BEGIN

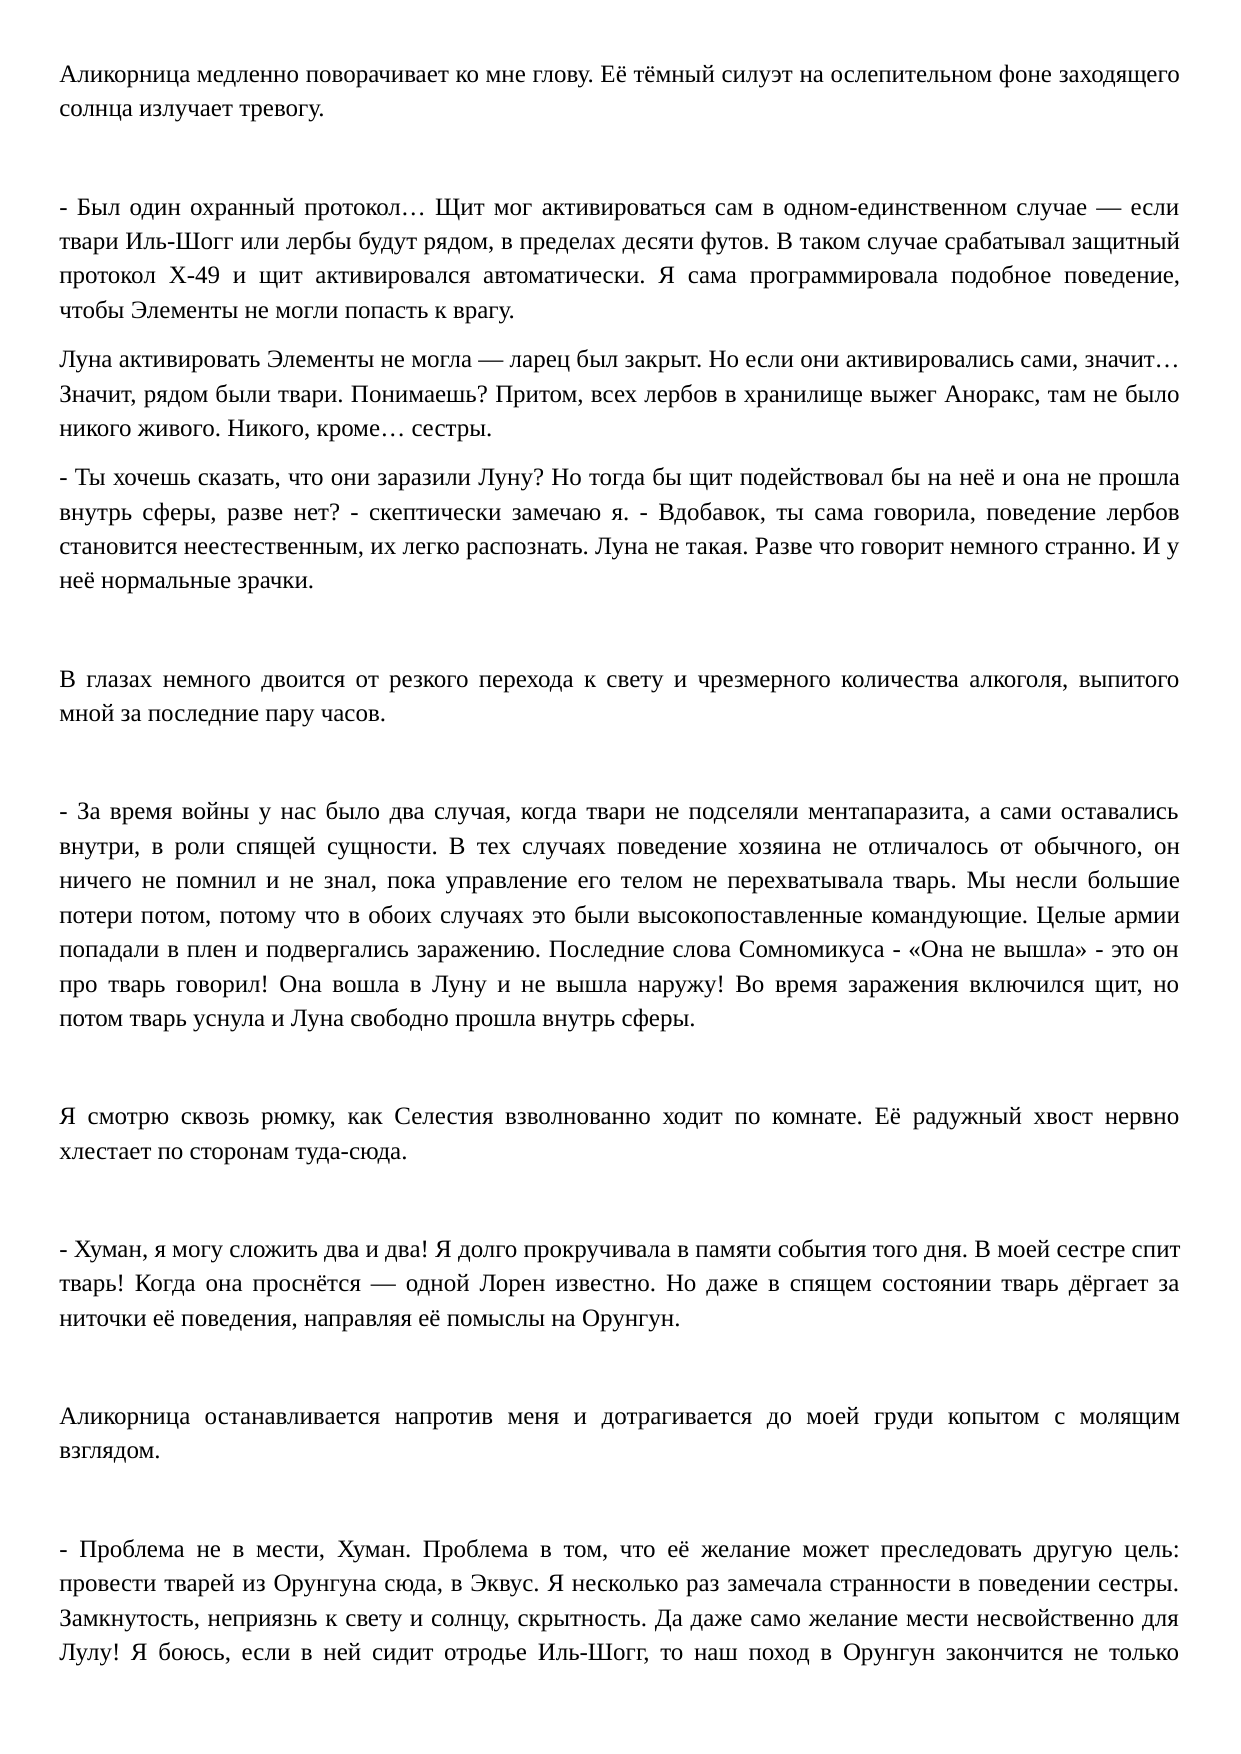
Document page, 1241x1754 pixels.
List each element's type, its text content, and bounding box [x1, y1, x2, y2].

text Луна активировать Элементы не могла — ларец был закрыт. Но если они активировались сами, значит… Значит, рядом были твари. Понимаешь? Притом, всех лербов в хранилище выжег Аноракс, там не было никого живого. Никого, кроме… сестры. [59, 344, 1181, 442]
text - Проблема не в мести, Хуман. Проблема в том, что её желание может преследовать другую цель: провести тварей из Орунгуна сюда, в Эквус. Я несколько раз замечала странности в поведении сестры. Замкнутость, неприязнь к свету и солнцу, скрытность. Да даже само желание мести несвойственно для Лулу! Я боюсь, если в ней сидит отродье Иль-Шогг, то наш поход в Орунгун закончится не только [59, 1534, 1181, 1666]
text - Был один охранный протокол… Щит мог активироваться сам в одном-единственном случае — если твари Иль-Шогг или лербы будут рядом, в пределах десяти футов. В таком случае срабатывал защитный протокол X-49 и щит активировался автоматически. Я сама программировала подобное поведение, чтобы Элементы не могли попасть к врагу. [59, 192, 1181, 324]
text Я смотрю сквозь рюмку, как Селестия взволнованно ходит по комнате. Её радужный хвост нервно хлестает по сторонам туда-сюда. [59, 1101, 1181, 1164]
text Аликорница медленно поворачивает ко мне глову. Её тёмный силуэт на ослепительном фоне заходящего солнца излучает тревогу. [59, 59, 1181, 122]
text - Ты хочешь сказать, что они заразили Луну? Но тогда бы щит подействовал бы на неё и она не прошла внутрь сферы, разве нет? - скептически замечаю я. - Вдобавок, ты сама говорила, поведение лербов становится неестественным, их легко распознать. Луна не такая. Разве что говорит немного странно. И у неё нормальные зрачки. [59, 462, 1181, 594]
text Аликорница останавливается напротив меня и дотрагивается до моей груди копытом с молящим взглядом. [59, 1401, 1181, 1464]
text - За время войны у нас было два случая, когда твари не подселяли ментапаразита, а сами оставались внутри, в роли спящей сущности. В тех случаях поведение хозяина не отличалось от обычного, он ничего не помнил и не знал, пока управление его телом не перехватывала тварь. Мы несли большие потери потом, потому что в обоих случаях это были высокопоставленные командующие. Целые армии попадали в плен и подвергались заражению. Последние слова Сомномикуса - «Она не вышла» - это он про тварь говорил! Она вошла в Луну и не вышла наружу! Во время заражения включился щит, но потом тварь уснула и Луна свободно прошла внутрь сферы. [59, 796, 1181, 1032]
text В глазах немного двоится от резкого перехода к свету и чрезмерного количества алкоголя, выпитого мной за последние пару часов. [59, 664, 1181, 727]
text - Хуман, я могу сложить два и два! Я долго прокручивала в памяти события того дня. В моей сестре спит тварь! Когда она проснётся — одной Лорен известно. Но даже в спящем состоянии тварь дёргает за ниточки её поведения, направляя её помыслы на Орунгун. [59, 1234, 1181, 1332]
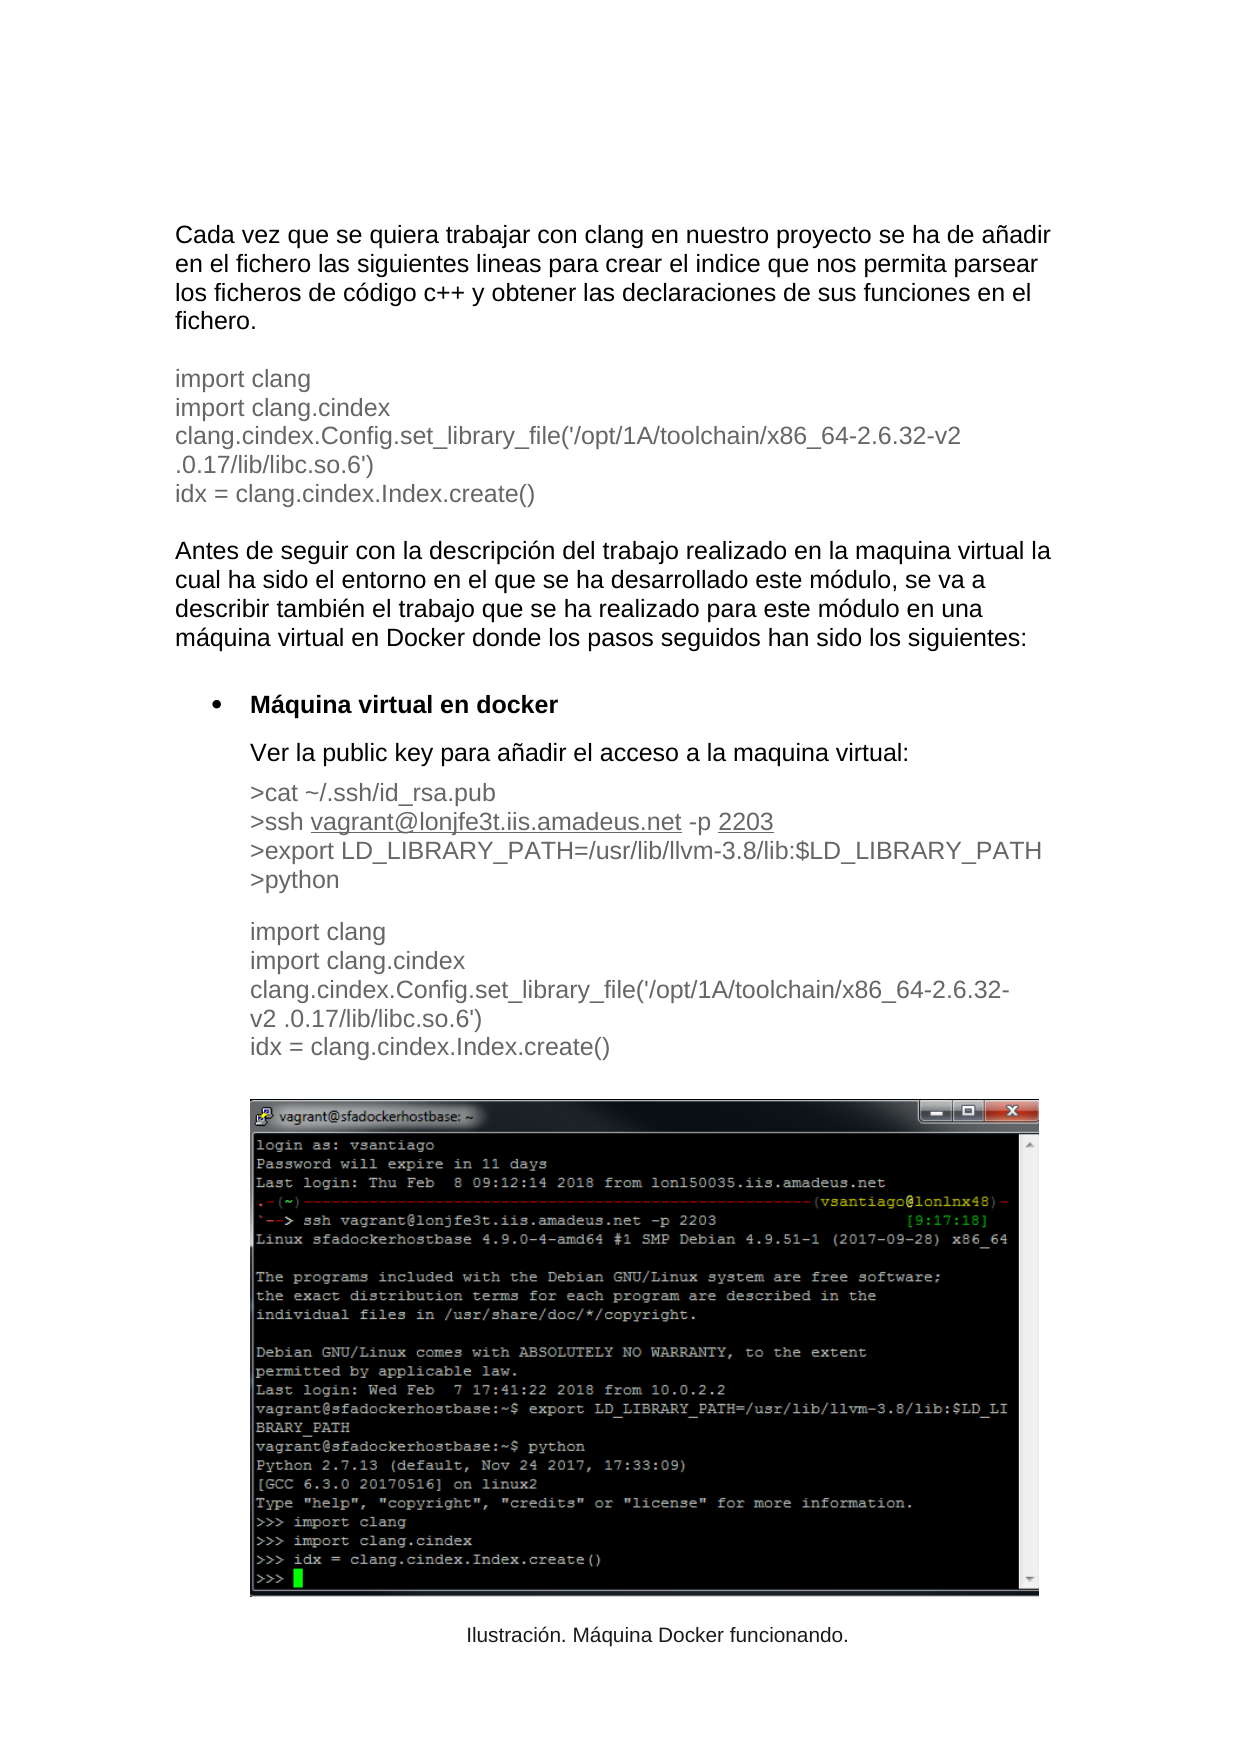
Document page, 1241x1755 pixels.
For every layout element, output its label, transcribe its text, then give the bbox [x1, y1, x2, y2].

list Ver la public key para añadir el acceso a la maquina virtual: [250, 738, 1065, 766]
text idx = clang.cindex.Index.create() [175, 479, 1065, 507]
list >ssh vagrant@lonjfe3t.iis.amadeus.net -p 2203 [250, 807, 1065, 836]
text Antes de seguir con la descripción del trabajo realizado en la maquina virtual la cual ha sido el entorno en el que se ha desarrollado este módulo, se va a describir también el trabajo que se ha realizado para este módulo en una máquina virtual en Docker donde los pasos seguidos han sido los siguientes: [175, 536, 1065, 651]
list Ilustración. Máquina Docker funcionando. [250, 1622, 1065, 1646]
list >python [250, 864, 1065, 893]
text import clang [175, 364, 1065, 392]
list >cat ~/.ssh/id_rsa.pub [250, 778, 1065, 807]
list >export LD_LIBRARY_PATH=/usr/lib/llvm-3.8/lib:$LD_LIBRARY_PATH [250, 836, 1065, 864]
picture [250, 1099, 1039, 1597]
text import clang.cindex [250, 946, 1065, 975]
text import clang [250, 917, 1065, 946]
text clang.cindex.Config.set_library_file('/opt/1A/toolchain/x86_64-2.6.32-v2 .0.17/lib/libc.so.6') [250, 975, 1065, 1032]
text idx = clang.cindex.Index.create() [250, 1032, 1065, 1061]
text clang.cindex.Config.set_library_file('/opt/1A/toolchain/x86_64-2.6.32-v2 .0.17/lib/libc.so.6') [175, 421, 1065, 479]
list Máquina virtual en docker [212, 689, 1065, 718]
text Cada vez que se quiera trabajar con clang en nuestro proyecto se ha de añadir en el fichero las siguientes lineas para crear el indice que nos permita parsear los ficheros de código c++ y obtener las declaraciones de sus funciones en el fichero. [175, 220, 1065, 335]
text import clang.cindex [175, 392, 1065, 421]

END

* Exercise prompt *
Which lines of the data contain the string "Орунгун"? Copy each one.

* Answer for this exercise *
text - Проблема не в мести, Хуман. Проблема в том, что её желание может преследовать другую цель: провести тварей из Орунгуна сюда, в Эквус. Я несколько раз замечала странности в поведении сестры. Замкнутость, неприязнь к свету и солнцу, скрытность. Да даже само желание мести несвойственно для Лулу! Я боюсь, если в ней сидит отродье Иль-Шогг, то наш поход в Орунгун закончится не только [59, 1534, 1181, 1666]
text - Хуман, я могу сложить два и два! Я долго прокручивала в памяти события того дня. В моей сестре спит тварь! Когда она проснётся — одной Лорен известно. Но даже в спящем состоянии тварь дёргает за ниточки её поведения, направляя её помыслы на Орунгун. [59, 1234, 1181, 1332]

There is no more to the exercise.